[YOUR GOAL] Skip the images. Copy the records exactly as written.

[Opening DATA FOR THE TASK section]

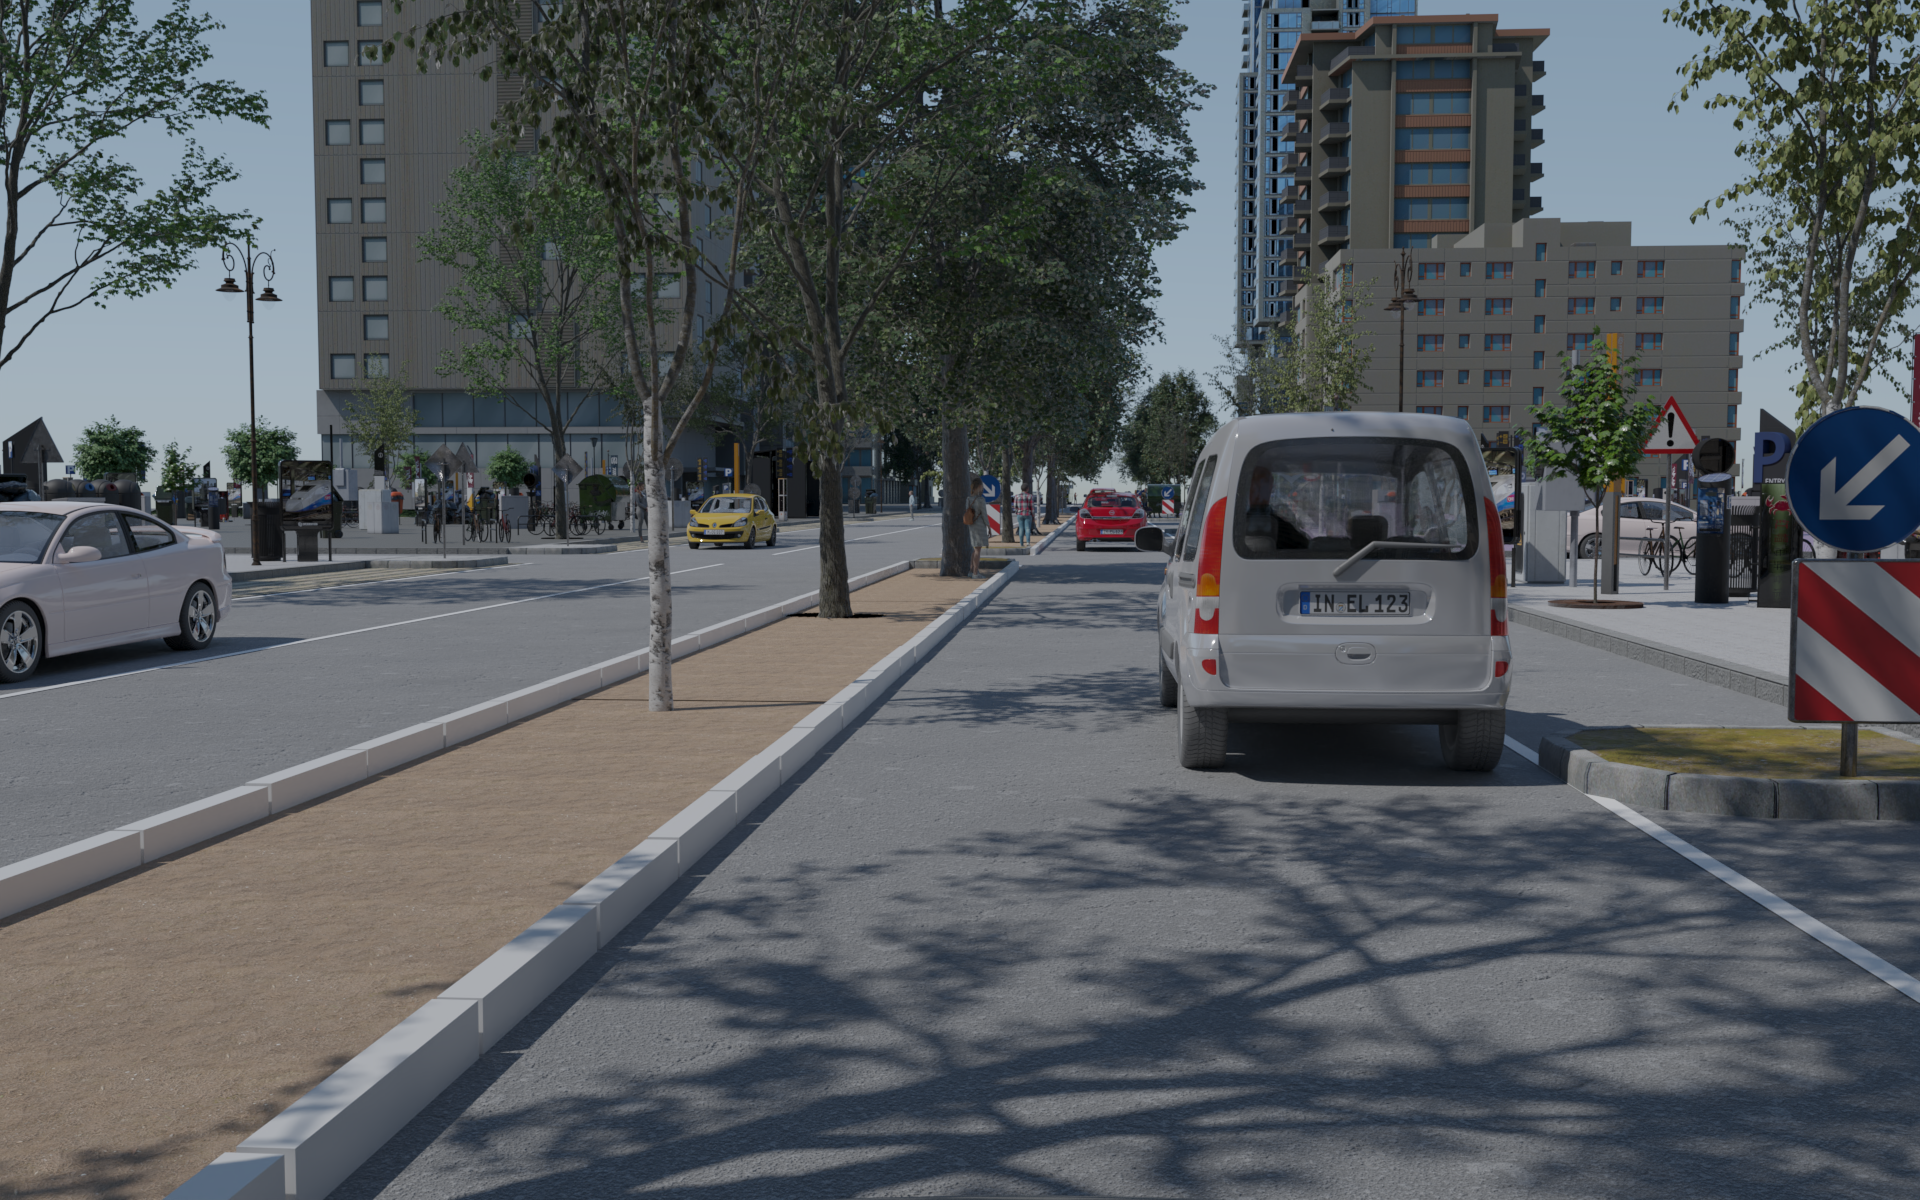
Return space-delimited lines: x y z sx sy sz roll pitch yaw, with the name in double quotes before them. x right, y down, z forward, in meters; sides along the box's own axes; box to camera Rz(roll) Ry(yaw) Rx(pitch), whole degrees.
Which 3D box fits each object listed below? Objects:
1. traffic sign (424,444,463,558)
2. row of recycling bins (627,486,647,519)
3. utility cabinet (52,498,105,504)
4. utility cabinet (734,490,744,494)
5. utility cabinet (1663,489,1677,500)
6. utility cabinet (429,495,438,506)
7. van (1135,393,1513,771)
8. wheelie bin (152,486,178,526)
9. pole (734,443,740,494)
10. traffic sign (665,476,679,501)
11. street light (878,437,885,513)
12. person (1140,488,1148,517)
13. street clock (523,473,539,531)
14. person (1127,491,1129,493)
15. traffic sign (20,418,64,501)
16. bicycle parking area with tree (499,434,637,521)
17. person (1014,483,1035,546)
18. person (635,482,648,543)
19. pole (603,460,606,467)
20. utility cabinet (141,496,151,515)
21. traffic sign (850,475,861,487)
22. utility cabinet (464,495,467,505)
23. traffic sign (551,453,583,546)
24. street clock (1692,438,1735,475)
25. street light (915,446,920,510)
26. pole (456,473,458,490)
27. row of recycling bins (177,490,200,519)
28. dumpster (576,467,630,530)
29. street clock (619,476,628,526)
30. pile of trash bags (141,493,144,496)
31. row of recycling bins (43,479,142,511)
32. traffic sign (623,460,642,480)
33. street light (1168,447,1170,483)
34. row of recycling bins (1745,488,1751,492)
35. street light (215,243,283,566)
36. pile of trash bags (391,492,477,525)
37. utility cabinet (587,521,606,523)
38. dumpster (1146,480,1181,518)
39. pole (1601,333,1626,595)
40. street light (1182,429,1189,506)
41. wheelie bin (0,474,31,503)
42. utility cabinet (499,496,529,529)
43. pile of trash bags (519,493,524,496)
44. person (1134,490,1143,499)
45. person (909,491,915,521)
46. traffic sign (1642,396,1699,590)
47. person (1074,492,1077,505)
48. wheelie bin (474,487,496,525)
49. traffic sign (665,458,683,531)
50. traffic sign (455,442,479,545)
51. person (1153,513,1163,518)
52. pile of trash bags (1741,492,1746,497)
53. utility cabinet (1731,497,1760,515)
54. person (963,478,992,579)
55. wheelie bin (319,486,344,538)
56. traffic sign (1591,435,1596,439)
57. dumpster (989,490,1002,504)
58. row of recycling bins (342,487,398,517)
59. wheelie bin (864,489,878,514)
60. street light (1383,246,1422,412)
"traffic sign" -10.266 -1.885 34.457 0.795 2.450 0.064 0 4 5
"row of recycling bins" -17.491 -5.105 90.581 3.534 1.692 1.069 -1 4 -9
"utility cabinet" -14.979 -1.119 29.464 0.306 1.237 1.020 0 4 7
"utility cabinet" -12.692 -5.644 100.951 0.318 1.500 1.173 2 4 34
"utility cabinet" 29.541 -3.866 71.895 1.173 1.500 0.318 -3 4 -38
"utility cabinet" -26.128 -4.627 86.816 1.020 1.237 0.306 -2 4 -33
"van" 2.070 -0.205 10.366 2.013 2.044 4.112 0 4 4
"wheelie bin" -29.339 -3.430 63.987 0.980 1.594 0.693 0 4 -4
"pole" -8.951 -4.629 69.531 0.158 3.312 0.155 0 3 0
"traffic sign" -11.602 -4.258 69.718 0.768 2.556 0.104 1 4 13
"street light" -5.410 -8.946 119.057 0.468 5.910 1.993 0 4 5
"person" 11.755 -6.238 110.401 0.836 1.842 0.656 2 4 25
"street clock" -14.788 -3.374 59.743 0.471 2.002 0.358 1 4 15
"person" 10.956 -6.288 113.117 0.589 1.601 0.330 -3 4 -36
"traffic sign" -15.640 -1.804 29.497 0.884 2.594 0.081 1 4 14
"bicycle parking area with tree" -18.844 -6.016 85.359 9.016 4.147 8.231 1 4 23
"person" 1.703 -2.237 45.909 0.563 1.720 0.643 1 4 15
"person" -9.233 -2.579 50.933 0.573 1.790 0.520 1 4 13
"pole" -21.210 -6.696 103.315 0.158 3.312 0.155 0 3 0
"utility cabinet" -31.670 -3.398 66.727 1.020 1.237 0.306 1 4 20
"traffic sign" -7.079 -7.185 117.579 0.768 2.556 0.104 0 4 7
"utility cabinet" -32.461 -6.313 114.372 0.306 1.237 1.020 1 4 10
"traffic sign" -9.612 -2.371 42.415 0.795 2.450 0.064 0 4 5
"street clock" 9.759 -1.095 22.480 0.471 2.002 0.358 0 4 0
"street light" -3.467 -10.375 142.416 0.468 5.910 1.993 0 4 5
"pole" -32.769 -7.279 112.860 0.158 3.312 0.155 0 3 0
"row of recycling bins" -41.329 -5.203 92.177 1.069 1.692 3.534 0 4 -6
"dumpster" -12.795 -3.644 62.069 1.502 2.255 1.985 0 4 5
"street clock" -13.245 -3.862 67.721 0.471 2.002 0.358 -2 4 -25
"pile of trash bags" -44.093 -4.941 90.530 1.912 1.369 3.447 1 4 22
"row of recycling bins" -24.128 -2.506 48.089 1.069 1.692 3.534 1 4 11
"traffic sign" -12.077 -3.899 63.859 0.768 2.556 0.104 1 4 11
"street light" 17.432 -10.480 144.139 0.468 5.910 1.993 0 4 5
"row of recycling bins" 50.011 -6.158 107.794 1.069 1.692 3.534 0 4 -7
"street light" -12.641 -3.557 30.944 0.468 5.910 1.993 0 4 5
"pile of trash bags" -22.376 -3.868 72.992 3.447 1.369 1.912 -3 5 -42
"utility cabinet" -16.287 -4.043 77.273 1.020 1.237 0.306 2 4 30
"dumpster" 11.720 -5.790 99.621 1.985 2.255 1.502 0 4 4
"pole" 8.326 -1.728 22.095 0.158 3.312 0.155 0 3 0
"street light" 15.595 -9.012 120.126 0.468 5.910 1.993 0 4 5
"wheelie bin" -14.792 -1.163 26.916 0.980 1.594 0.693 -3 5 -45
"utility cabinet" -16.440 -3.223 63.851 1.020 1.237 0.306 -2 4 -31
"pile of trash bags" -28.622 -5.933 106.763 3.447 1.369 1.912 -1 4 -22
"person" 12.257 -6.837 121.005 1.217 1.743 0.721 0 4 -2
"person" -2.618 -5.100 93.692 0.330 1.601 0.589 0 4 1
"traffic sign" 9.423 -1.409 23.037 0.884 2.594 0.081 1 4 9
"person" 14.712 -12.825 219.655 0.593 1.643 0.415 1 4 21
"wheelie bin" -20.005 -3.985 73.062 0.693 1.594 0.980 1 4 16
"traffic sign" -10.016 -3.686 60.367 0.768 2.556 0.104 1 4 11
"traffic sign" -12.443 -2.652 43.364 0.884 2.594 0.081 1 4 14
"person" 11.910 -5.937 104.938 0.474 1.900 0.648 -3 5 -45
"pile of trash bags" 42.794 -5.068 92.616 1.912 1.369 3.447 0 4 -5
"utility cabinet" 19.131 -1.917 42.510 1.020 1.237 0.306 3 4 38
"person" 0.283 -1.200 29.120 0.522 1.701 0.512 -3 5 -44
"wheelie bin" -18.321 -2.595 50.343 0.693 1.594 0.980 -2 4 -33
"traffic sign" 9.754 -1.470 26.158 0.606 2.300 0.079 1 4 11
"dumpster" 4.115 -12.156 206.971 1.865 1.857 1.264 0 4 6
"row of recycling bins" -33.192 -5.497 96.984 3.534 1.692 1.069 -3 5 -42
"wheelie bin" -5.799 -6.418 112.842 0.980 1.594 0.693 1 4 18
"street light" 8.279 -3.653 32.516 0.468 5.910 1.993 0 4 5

[Closing DATA FOR THE TASK section]

[TASK OUTPUT]
Return space-delimited lines: x y z sx sy sz roll pitch yaw, with the name in double quotes before them. x right, y down, z forward, in meters; sides along the box's own axes; box to camera Rz(roll) Ry(yaw) Rx(pitch), whole degrees.
Which 3D box fits each object listed below? Objects:
1. traffic sign (424,444,463,558)
2. row of recycling bins (627,486,647,519)
3. utility cabinet (52,498,105,504)
4. utility cabinet (734,490,744,494)
5. utility cabinet (1663,489,1677,500)
6. utility cabinet (429,495,438,506)
7. van (1135,393,1513,771)
8. wheelie bin (152,486,178,526)
9. pole (734,443,740,494)
10. traffic sign (665,476,679,501)
11. street light (878,437,885,513)
12. person (1140,488,1148,517)
13. street clock (523,473,539,531)
14. person (1127,491,1129,493)
15. traffic sign (20,418,64,501)
16. bicycle parking area with tree (499,434,637,521)
17. person (1014,483,1035,546)
18. person (635,482,648,543)
19. pole (603,460,606,467)
20. utility cabinet (141,496,151,515)
21. traffic sign (850,475,861,487)
22. utility cabinet (464,495,467,505)
23. traffic sign (551,453,583,546)
24. street clock (1692,438,1735,475)
25. street light (915,446,920,510)
26. pole (456,473,458,490)
27. row of recycling bins (177,490,200,519)
28. dumpster (576,467,630,530)
29. street clock (619,476,628,526)
30. pile of trash bags (141,493,144,496)
31. row of recycling bins (43,479,142,511)
32. traffic sign (623,460,642,480)
33. street light (1168,447,1170,483)
34. row of recycling bins (1745,488,1751,492)
35. street light (215,243,283,566)
36. pile of trash bags (391,492,477,525)
37. utility cabinet (587,521,606,523)
38. dumpster (1146,480,1181,518)
39. pole (1601,333,1626,595)
40. street light (1182,429,1189,506)
41. wheelie bin (0,474,31,503)
42. utility cabinet (499,496,529,529)
43. pile of trash bags (519,493,524,496)
44. person (1134,490,1143,499)
45. person (909,491,915,521)
46. traffic sign (1642,396,1699,590)
47. person (1074,492,1077,505)
48. wheelie bin (474,487,496,525)
49. traffic sign (665,458,683,531)
50. traffic sign (455,442,479,545)
51. person (1153,513,1163,518)
52. pile of trash bags (1741,492,1746,497)
53. utility cabinet (1731,497,1760,515)
54. person (963,478,992,579)
55. wheelie bin (319,486,344,538)
56. traffic sign (1591,435,1596,439)
57. dumpster (989,490,1002,504)
58. row of recycling bins (342,487,398,517)
59. wheelie bin (864,489,878,514)
60. street light (1383,246,1422,412)
"traffic sign" -10.266 -1.885 34.457 0.795 2.450 0.064 0 4 5
"row of recycling bins" -17.491 -5.105 90.581 3.534 1.692 1.069 -1 4 -9
"utility cabinet" -14.979 -1.119 29.464 0.306 1.237 1.020 0 4 7
"utility cabinet" -12.692 -5.644 100.951 0.318 1.500 1.173 2 4 34
"utility cabinet" 29.541 -3.866 71.895 1.173 1.500 0.318 -3 4 -38
"utility cabinet" -26.128 -4.627 86.816 1.020 1.237 0.306 -2 4 -33
"van" 2.070 -0.205 10.366 2.013 2.044 4.112 0 4 4
"wheelie bin" -29.339 -3.430 63.987 0.980 1.594 0.693 0 4 -4
"pole" -8.951 -4.629 69.531 0.158 3.312 0.155 0 3 0
"traffic sign" -11.602 -4.258 69.718 0.768 2.556 0.104 1 4 13
"street light" -5.410 -8.946 119.057 0.468 5.910 1.993 0 4 5
"person" 11.755 -6.238 110.401 0.836 1.842 0.656 2 4 25
"street clock" -14.788 -3.374 59.743 0.471 2.002 0.358 1 4 15
"person" 10.956 -6.288 113.117 0.589 1.601 0.330 -3 4 -36
"traffic sign" -15.640 -1.804 29.497 0.884 2.594 0.081 1 4 14
"bicycle parking area with tree" -18.844 -6.016 85.359 9.016 4.147 8.231 1 4 23
"person" 1.703 -2.237 45.909 0.563 1.720 0.643 1 4 15
"person" -9.233 -2.579 50.933 0.573 1.790 0.520 1 4 13
"pole" -21.210 -6.696 103.315 0.158 3.312 0.155 0 3 0
"utility cabinet" -31.670 -3.398 66.727 1.020 1.237 0.306 1 4 20
"traffic sign" -7.079 -7.185 117.579 0.768 2.556 0.104 0 4 7
"utility cabinet" -32.461 -6.313 114.372 0.306 1.237 1.020 1 4 10
"traffic sign" -9.612 -2.371 42.415 0.795 2.450 0.064 0 4 5
"street clock" 9.759 -1.095 22.480 0.471 2.002 0.358 0 4 0
"street light" -3.467 -10.375 142.416 0.468 5.910 1.993 0 4 5
"pole" -32.769 -7.279 112.860 0.158 3.312 0.155 0 3 0
"row of recycling bins" -41.329 -5.203 92.177 1.069 1.692 3.534 0 4 -6
"dumpster" -12.795 -3.644 62.069 1.502 2.255 1.985 0 4 5
"street clock" -13.245 -3.862 67.721 0.471 2.002 0.358 -2 4 -25
"pile of trash bags" -44.093 -4.941 90.530 1.912 1.369 3.447 1 4 22
"row of recycling bins" -24.128 -2.506 48.089 1.069 1.692 3.534 1 4 11
"traffic sign" -12.077 -3.899 63.859 0.768 2.556 0.104 1 4 11
"street light" 17.432 -10.480 144.139 0.468 5.910 1.993 0 4 5
"row of recycling bins" 50.011 -6.158 107.794 1.069 1.692 3.534 0 4 -7
"street light" -12.641 -3.557 30.944 0.468 5.910 1.993 0 4 5
"pile of trash bags" -22.376 -3.868 72.992 3.447 1.369 1.912 -3 5 -42
"utility cabinet" -16.287 -4.043 77.273 1.020 1.237 0.306 2 4 30
"dumpster" 11.720 -5.790 99.621 1.985 2.255 1.502 0 4 4
"pole" 8.326 -1.728 22.095 0.158 3.312 0.155 0 3 0
"street light" 15.595 -9.012 120.126 0.468 5.910 1.993 0 4 5
"wheelie bin" -14.792 -1.163 26.916 0.980 1.594 0.693 -3 5 -45
"utility cabinet" -16.440 -3.223 63.851 1.020 1.237 0.306 -2 4 -31
"pile of trash bags" -28.622 -5.933 106.763 3.447 1.369 1.912 -1 4 -22
"person" 12.257 -6.837 121.005 1.217 1.743 0.721 0 4 -2
"person" -2.618 -5.100 93.692 0.330 1.601 0.589 0 4 1
"traffic sign" 9.423 -1.409 23.037 0.884 2.594 0.081 1 4 9
"person" 14.712 -12.825 219.655 0.593 1.643 0.415 1 4 21
"wheelie bin" -20.005 -3.985 73.062 0.693 1.594 0.980 1 4 16
"traffic sign" -10.016 -3.686 60.367 0.768 2.556 0.104 1 4 11
"traffic sign" -12.443 -2.652 43.364 0.884 2.594 0.081 1 4 14
"person" 11.910 -5.937 104.938 0.474 1.900 0.648 -3 5 -45
"pile of trash bags" 42.794 -5.068 92.616 1.912 1.369 3.447 0 4 -5
"utility cabinet" 19.131 -1.917 42.510 1.020 1.237 0.306 3 4 38
"person" 0.283 -1.200 29.120 0.522 1.701 0.512 -3 5 -44
"wheelie bin" -18.321 -2.595 50.343 0.693 1.594 0.980 -2 4 -33
"traffic sign" 9.754 -1.470 26.158 0.606 2.300 0.079 1 4 11
"dumpster" 4.115 -12.156 206.971 1.865 1.857 1.264 0 4 6
"row of recycling bins" -33.192 -5.497 96.984 3.534 1.692 1.069 -3 5 -42
"wheelie bin" -5.799 -6.418 112.842 0.980 1.594 0.693 1 4 18
"street light" 8.279 -3.653 32.516 0.468 5.910 1.993 0 4 5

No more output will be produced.